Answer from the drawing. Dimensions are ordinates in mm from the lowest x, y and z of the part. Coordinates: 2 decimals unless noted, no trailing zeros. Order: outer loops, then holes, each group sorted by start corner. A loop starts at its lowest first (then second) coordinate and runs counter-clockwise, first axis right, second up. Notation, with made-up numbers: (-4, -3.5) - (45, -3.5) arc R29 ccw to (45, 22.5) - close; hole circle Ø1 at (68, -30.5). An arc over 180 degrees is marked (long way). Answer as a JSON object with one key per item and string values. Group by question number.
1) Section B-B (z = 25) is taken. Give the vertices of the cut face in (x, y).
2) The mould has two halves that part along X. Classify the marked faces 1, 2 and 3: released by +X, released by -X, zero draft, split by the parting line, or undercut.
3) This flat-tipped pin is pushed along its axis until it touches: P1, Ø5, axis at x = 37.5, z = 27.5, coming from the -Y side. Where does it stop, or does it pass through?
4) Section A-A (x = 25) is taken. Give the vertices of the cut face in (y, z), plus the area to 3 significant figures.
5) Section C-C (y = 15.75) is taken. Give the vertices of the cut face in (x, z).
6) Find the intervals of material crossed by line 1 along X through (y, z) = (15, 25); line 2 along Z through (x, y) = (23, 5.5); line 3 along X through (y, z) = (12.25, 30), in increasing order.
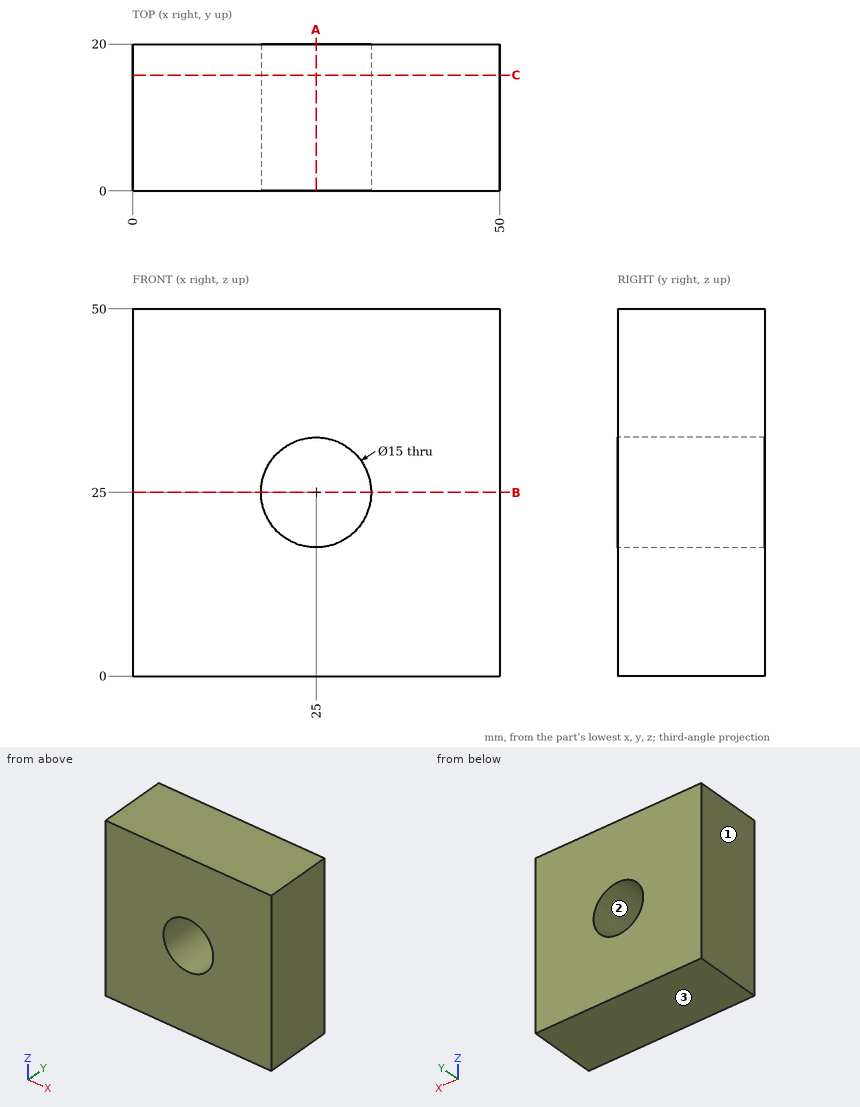
Report:
{
 "1": {"outline": "(0, 0) - (17.5, 0) - (17.5, 20) - (0, 20) - close; (32.5, 0) - (50, 0) - (50, 20) - (32.5, 20) - close"},
 "2": {"face 1": "released by -X", "face 2": "undercut", "face 3": "zero draft"},
 "3": {"P1": "stops at y = 0"},
 "4": {"outline": "(0, 0) - (20, 0) - (20, 17.5) - (0, 17.5) - close; (0, 32.5) - (20, 32.5) - (20, 50) - (0, 50) - close", "area": "700 mm²"},
 "5": {"outline": "(0, 0) - (50, 0) - (50, 50) - (0, 50) - close; hole circle Ø15 at (25, 25)"},
 "6": {"line 1": "x = 0 to 17.5, 32.5 to 50", "line 2": "z = 0 to 17.77, 32.23 to 50", "line 3": "x = 0 to 19.41, 30.59 to 50"}
}

##############################

WORK ITEM
Among the lines of the listing above, which ones hold "Section"? Copy them.

FINISHED EXERCISE
1) Section B-B (z = 25) is taken. Give the vertices of the cut face in (x, y).
4) Section A-A (x = 25) is taken. Give the vertices of the cut face in (y, z), plus the area to 3 significant figures.
5) Section C-C (y = 15.75) is taken. Give the vertices of the cut face in (x, z).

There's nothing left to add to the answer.